The beat goes on: this month Nigel Lord's essential drum programming series takes him into the deep south of the African continent, and into deep rhythm.

In the second part of this study of programming African rhythms, we're headed south towards Zimbabwe and South Africa itself - bring your beatbox and come along.

CONTINUING OUR INVESTIGATION of African rhythm from a couple of months ago, we find ourselves moving south to the states of Zimbabwe and South Africa. Here, thanks to the influence of Western pop culture, there is a much wider use of conventional percussion voices in the music currently attracting international attention. ("Conventional", that is, from a Western perspective.) This situation has come about through the adoption of the standard acoustic drum kit by many southern African percussionists (a result, presumably, of its convenience for the working musician) who in recent years have adapted many traditional rhythms into a form suitable for the snare, bass drum and hi-hat.
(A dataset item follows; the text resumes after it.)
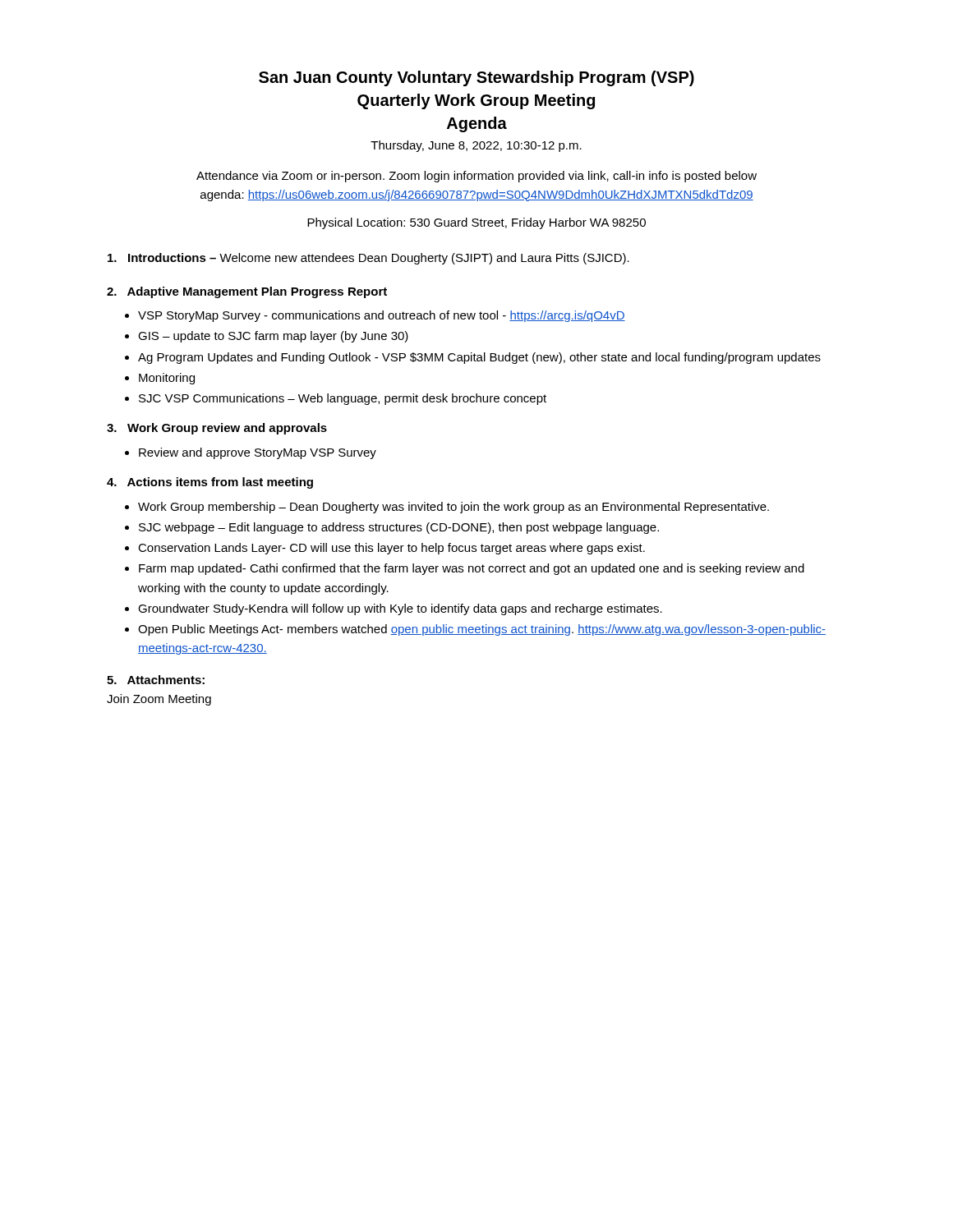Locate the block starting "Conservation Lands Layer- CD will"

pyautogui.click(x=392, y=547)
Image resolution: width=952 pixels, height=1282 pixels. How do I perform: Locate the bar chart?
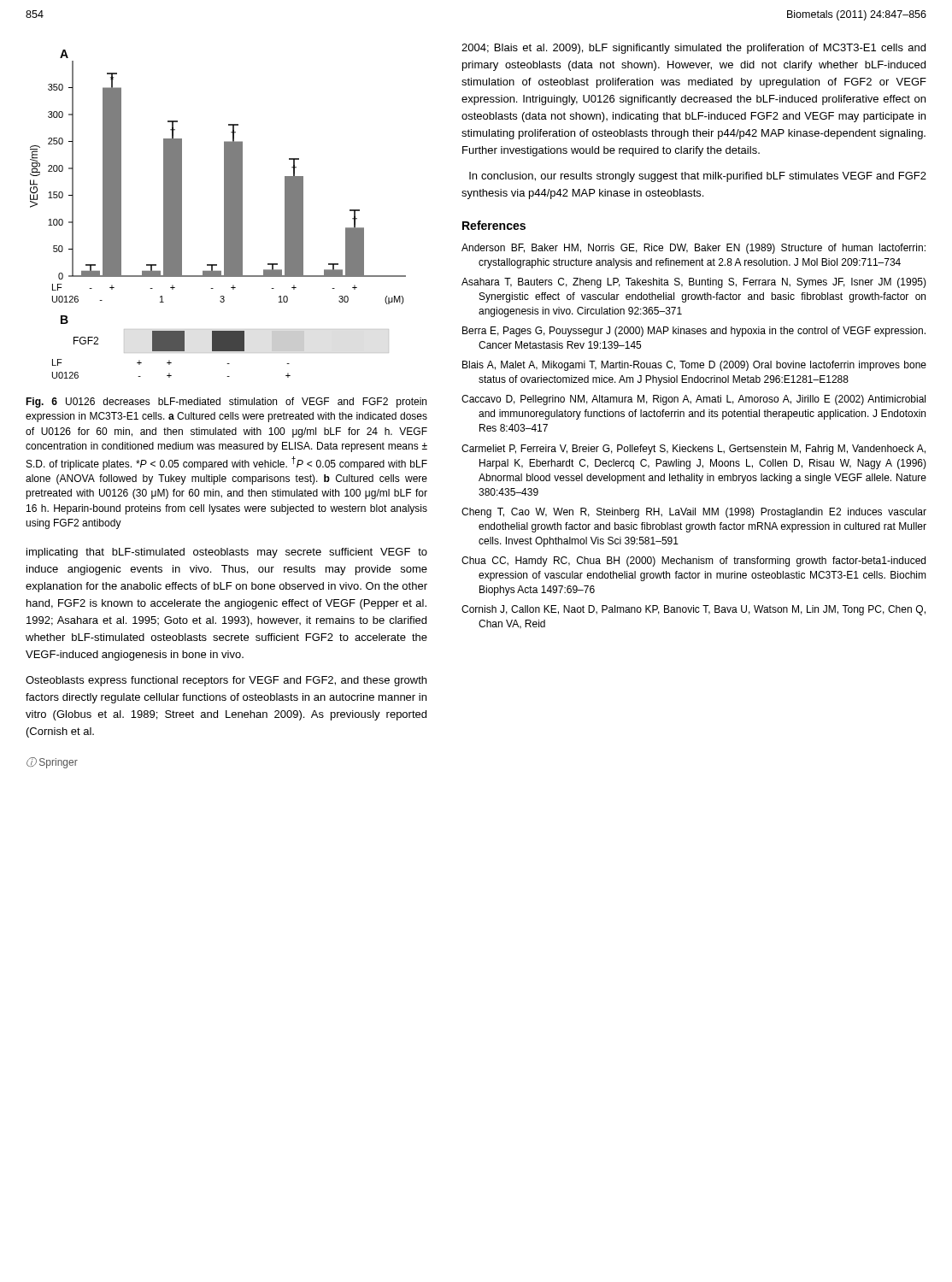(226, 173)

Needless to say, from our point of view, this makes life a lot easier. Unlike the rhythm of the North African states used as inspiration for the last On the Beat article, it should be possible for us to create patterns with an authentic African flavour, without having to "modify" the sounds of an ordinary beatbox. And certainly, if the popularity of bands like The Bhundu Boys and The Four Brothers is anything to go by, African rhythm played on a conventional drum kit is quite acceptable to the public at large - even if this does involve some dilution of its original form.

In this sense, it's perhaps somewhat paradoxical that the further one descends through the countries of Africa (and, by implication, the further one is removed geographically from European and US influence), the more closely the rhythmic form begins to resemble that of Western music. Thanks to the sorry history of British colonialism, this is indeed the case. It has to be said that, from a cultural standpoint, we are in many ways the richer for it. Indeed, the more accessible music of the southern states has provided a "way in" to African music for many people in recent years, and purely as an influence on Western pop culture it has been one of the few rays of light in an increasingly stagnant market.
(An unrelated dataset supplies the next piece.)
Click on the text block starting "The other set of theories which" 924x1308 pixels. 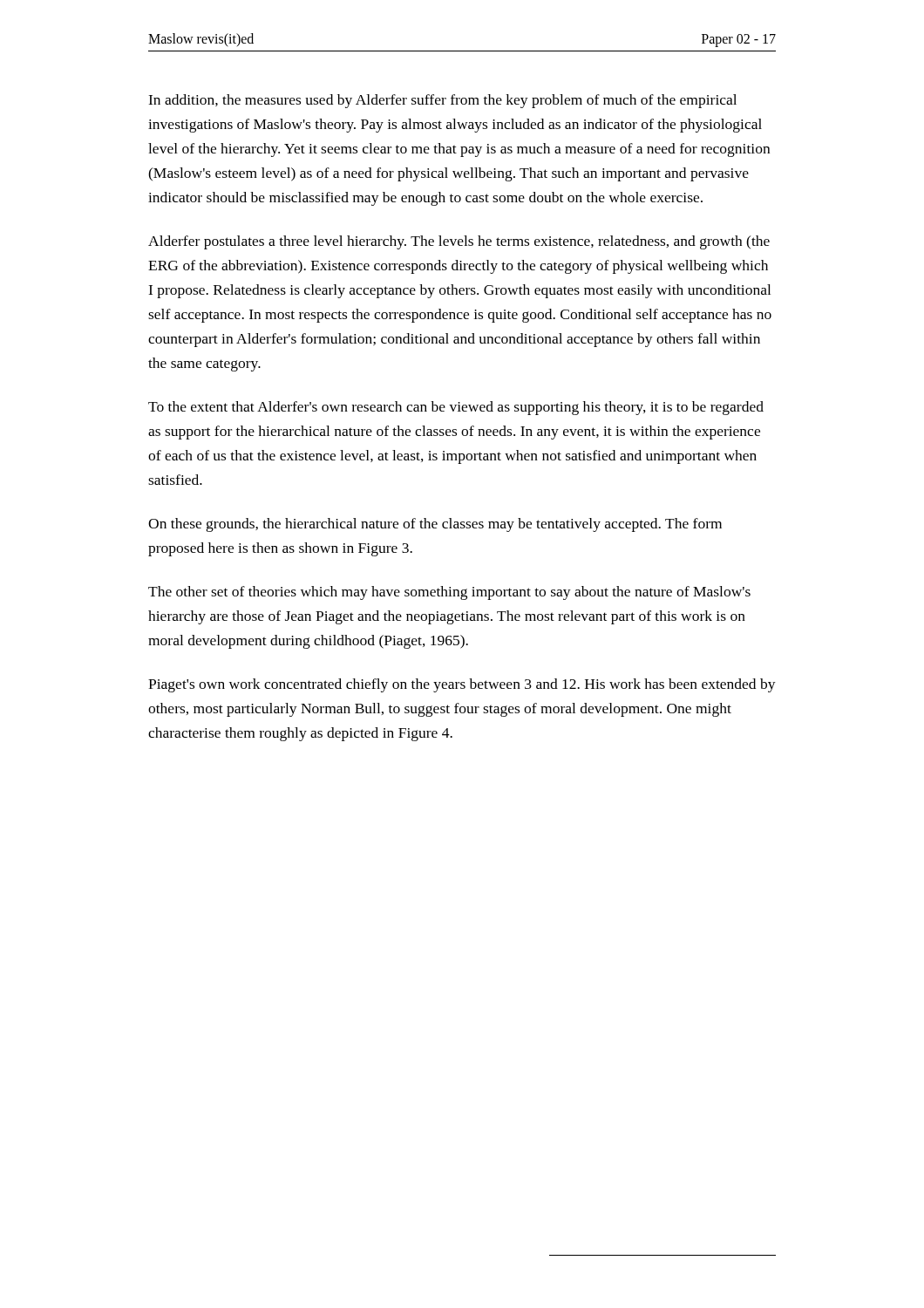(450, 616)

Despite the more straightforward instrumentation involved, I've opted once again for a fairly eclectic approach to selecting examples for this month's article - in much the same way as for last month's. In other words, these patterns are intended to reflect the rhythmic feel of southern African music rather than provide examples of specific rhythms. As such, they serve more as an introduction to the subject than an advanced lesson - though given the complexity of patterns I could have drawn on for inclusion, this is perhaps no bad thing.

Throughout, you'll find examples of techniques used consistently in rhythms of the region, and it's on these that I have relied to provide each pattern with a flavour which is unmistakably that of southern Africa. Amongst them are four-to-the-bar bass drum parts, repetitive, off-beat hi-hat/shaker patterns and the use of the snare drum as a means of accenting a particular beat rather than providing a steady rhythmic pulse (as in Western music). Listen closely, and you'll probably hear the origins of reggae in a number of these examples, and in Pattern 6, you'll almost certainly detect a "military" influence - which is quite common in music throughout central and southern Africa (...another legacy of colonial rule).
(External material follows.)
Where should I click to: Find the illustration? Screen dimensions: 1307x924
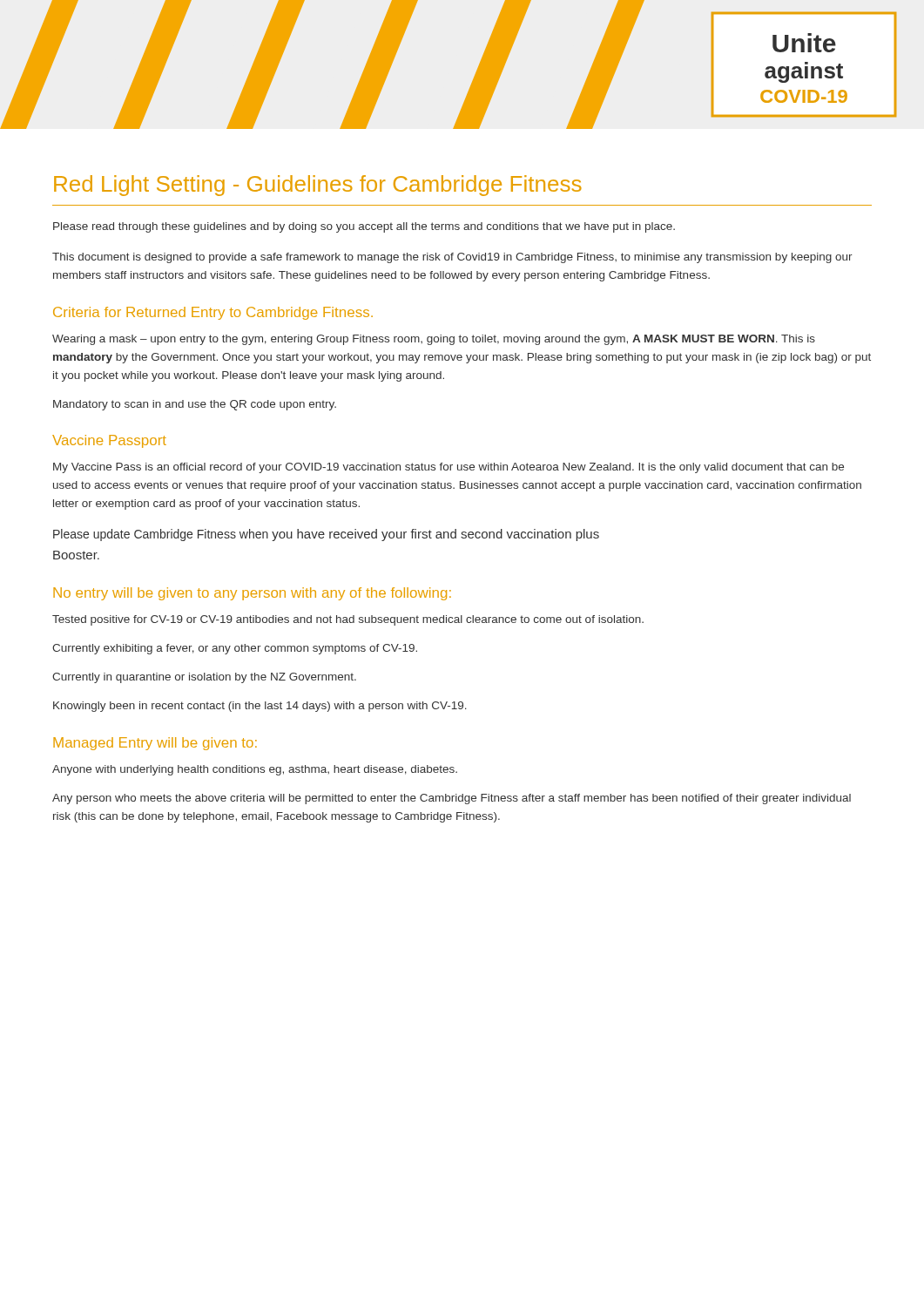click(x=462, y=65)

To produce complete rhythm tracks you will need to blend these patterns with instruments which preserve the ethnic feel of the music (unless you're engaged in a crossover project of some kind). Happily, with the proliferation of voices offering a very creditable imitation of instruments such as the marimba and mbira (the African thumb piano) available on most FM synths, this shouldn't prove to be much of a problem.

To facilitate their use in a wide variety of contexts, I have again tailored each rhythm to fit into a neat 4/4 pattern, though in a couple of examples, you'll probably notice three-based rhythmic parts resolving themselves over the four bars of the pattern's duration. Needless to say, you'll need to take this into consideration if you're planning to write complete rhythm tracks using any of my examples where this occurs.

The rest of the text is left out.